Morphological Analysis And Perl
We now present a series of Perl programs performing simple morphological inflections and derivations on single words. Our starting point is a series of documents, forming our corpus. Since we're working only with single words, we don't need to retain the original word order in the documents. All we need is a list of the words that appear in the documents, and how many times each word appears.
Our first step, therefore, is to transform the documents into a word frequency list which tells us how many distinct word forms there are, and how many times each form occurs. The rest of the programs can then operate on the word frequency lists, which are much smaller and more easily managed than the documents themselves.
Constructing A Word Frequency List
Our first program, mkfreq, creates a word frequency list from a set of documents. The only hard part is defining what constitutes a word. One definition might be a series of alphanumeric characters: that is, anything not matching /[\W_]+/.
This regular expression isn't perfect: it splits abbreviations like don't into two words. Let's live with that, and instead of calling the things identified by our regular expression words, we'll call them tokens. We'll routinely lowercase all tokens, since "work" and "Work" shouldn't be treated as different words.

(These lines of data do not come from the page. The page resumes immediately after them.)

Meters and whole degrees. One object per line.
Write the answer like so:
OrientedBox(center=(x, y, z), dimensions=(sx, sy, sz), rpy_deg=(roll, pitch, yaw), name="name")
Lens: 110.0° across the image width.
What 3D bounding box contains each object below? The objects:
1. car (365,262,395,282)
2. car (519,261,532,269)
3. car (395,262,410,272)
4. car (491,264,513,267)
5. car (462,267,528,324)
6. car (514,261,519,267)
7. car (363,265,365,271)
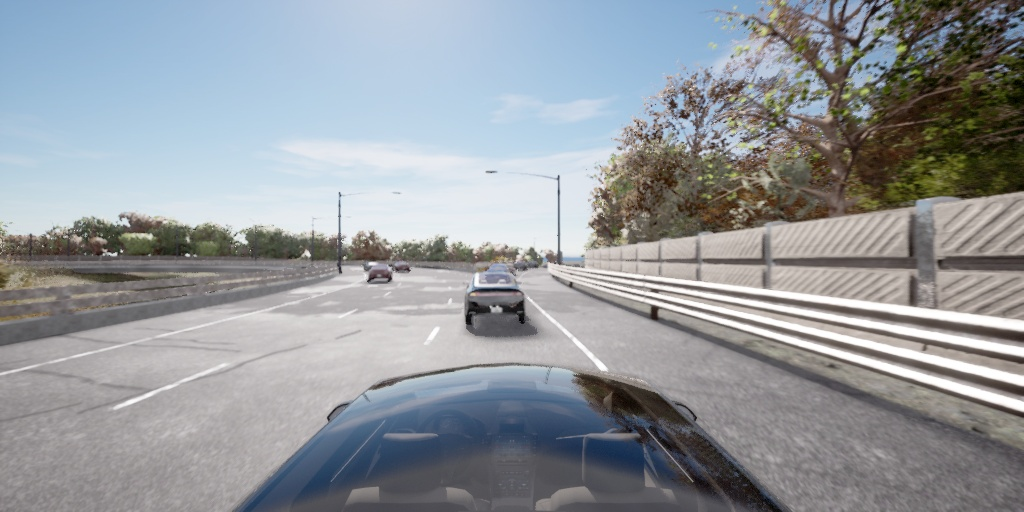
OrientedBox(center=(-11.582, 1.456, 31.691), dimensions=(1.812, 1.442, 4.674), rpy_deg=(0, 0, -16), name="car")
OrientedBox(center=(1.423, 1.493, 56.090), dimensions=(2.128, 1.511, 4.902), rpy_deg=(0, 0, 9), name="car")
OrientedBox(center=(-16.107, 1.567, 52.041), dimensions=(1.812, 1.442, 4.674), rpy_deg=(0, 0, -27), name="car")
OrientedBox(center=(-1.053, 1.407, 28.862), dimensions=(1.812, 1.442, 4.674), rpy_deg=(0, 0, 0), name="car")
OrientedBox(center=(-0.655, 1.293, 12.304), dimensions=(2.128, 1.511, 4.902), rpy_deg=(0, 0, -5), name="car")
OrientedBox(center=(-0.582, 1.533, 39.900), dimensions=(1.895, 1.301, 4.718), rpy_deg=(0, 0, 4), name="car")
OrientedBox(center=(-21.140, 1.616, 54.070), dimensions=(2.033, 1.411, 5.357), rpy_deg=(0, 0, -30), name="car")

Listing 1 shows mkfreq. We use a hash to store the word frequencies, and display two simple but useful measures of the linguistic diversity in the documents — the total number of tokens and the vocabulary. The frequency list is displayed in descending order of frequency using a custom sort order. For cryptographic applications, a knowledge of the most frequent words in the English language is useful. Looking at the most frequent ten words in the British National Corpus, we see:
Word | Frequency |
the | 6,198,660 |
of | 3,112,676 |
and | 2,695,784 |
to | 2,672,790 |
a | 2,241,128 |
in | 1,996,243 |
that | 1,150,942 |
it | 1,091,584 |
is | 1,004,574 |
Total | 22,164,381 |
Some observations: These ten words are responsible for 21.6% of the corpus. They're all common determiners, conjunctions, pronouns, and prepositions, carrying no information about the subject of a document. Most search engines exclude these uninformative words from their indexes. Excluded words are called stopwords.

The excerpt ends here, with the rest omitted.